We will have to rewrite our method to support S4 class:
# Add summary method for generic function
summary.individual_s4 = function(ind) {
for (i in seq_along(ind@characteristics)) {
cat(
"Individual's ",
ind@characteristics[i],
" is ",
ind@values[i],
"\n"
)
}
}
# Apply method to our S4 object
summary(ind)
## Individual's Age is 30
## Individual's Income is 2.1
To call slots of an object we can use either slot() function or an @ operator.
You can find some more information in this blogpost.
RC (or R5) system
As it was previously stated, the main differences between R5 classes and S3 or S4 ones are:
- R5 objects use message-passing OO
- R5 objects are mutable in place
To create a new class in R5 system we can use dedicated function:
# Class creation in R5
individual_r5 = setRefClass(
# Class name
"individual_r5",
# Fields replace slots in R5
fields = list(
characteristics = "character",
values = "numeric"
)
)
Now let’s create a new individual with R5 system:
# Create new object
ind = individual_r5$new(
characteristics = c("Age", "Income"),
values = c(30, 2.2)
); ind
## Reference class object of class "individual_r5"
## Field "characteristics":
## [1] "Age" "Income"
## Field "values":
## [1] 30.0 2.2
Because the R5 respects $ operator by default, we would need to rewrite our method for summary, identical to the one made for S3 class:
# Add summary method for generic function
summary.individual_r5 = function(ind) {
for (i in seq_along(ind$characteristics)) {
cat(
"Individual's ",
ind$characteristics[i],
" is ",
ind$values[i],
"\n"
)
}
}
# Apply method to our R5 object
summary(ind)
## Individual's Age is 30
## Individual's Income is 2.2
Alternatively, we can define a method directly within the class definition.
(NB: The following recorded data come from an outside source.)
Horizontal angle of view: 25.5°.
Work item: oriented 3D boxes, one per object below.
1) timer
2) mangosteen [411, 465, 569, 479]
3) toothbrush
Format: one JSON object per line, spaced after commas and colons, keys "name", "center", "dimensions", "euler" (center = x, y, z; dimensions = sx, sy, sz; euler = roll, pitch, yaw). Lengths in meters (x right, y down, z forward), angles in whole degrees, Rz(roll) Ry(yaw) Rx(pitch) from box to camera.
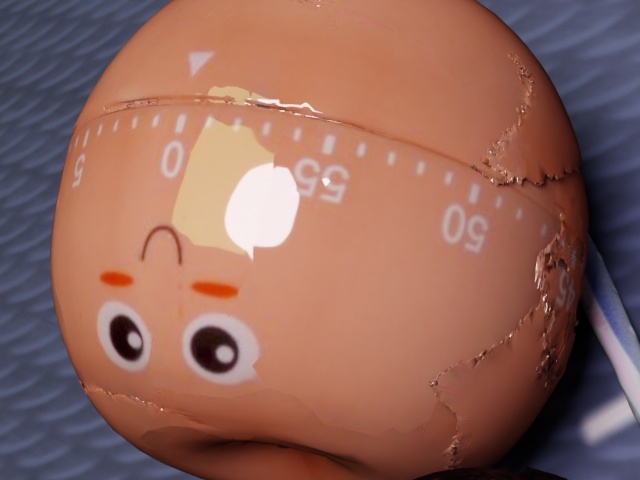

To call such methods on object we would need a syntax statement extremely familiar to users of Python:
# Add method to class
individual_r5$methods(
summarize = function() {
for (i in seq_along(ind$characteristics)) {
cat(
ind$characteristics[i],
" is ",
ind$values[i],
"\n"
)
}
}
)
# Apply method
ind$summarize()
## Age is 30
## Income is 2.2
In R5 there exist some common methods shared by all the objects created with setRefClass() function:
object$copy(), which creates a copy of an existing objectobject$filed(), functioning identically toslots()in S4 for assignment purposesobject$import()andobject$export(), which allow to coerce objects into different classesobject$initFields()object$callSuper()
You can read more about the R5 system in this blogpost.
R6 system
R6 OOP support is brought into R with a separate package. You can install it by running:
# Install R6 dependencies
install.packages("R6")
And then load it into the current environment:
# Load library
library(R6)
The R6 system bring not only the additional feature similar to the more traditional OOP, but are lighter as well. Their implementation avoid some of the issues introduced by S4 and R5 (RC) systems. Among the main features authors state:
- Public and private methods
- Active bindings
- Inheritance (superclasses) which works across packages
# Create individual class in R6 system
individual_r6 = R6Class(
"individual",
public = list(
characteristics = NULL,
values = NULL,
# Initialisation to perform on object creation
initialize = function(
characteristics = NA,
values = NA
){
self$characteristics = characteristics
self$values = values
}
)
)
The new objects of a given class are created identically to R5 system:
# Create new individual
ind = individual_r6$new(
characteristics = c("Age", "Income"),
values = c(25, 1.5)
); ind
## <individual>
## Public:
## characteristics: Age Income
## clone: function (deep = FALSE)
## initialize: function (characteristics = NA, values = NA)
## values: 25 1.5
R6 keeps support for common $ operator, which allows to declare methods as before:
# Add summary method for generic function
summary.individual_r6 = function(ind) {
for (i in seq_along(ind$characteristics)) {
cat(
"Individual's ",
ind$characteristics[i],
" is ",
ind$values[i],
"\n"
)
}
}
# Apply method to our R6 object
summary(ind)
## Individual's Age is 25
## Individual's Income is 1.5
Alternatively it’s possible to define active fields within our class, which execute a function when a field is called. But it’s probably best to explore all those additional functionalities of R6 system from more reliable sources.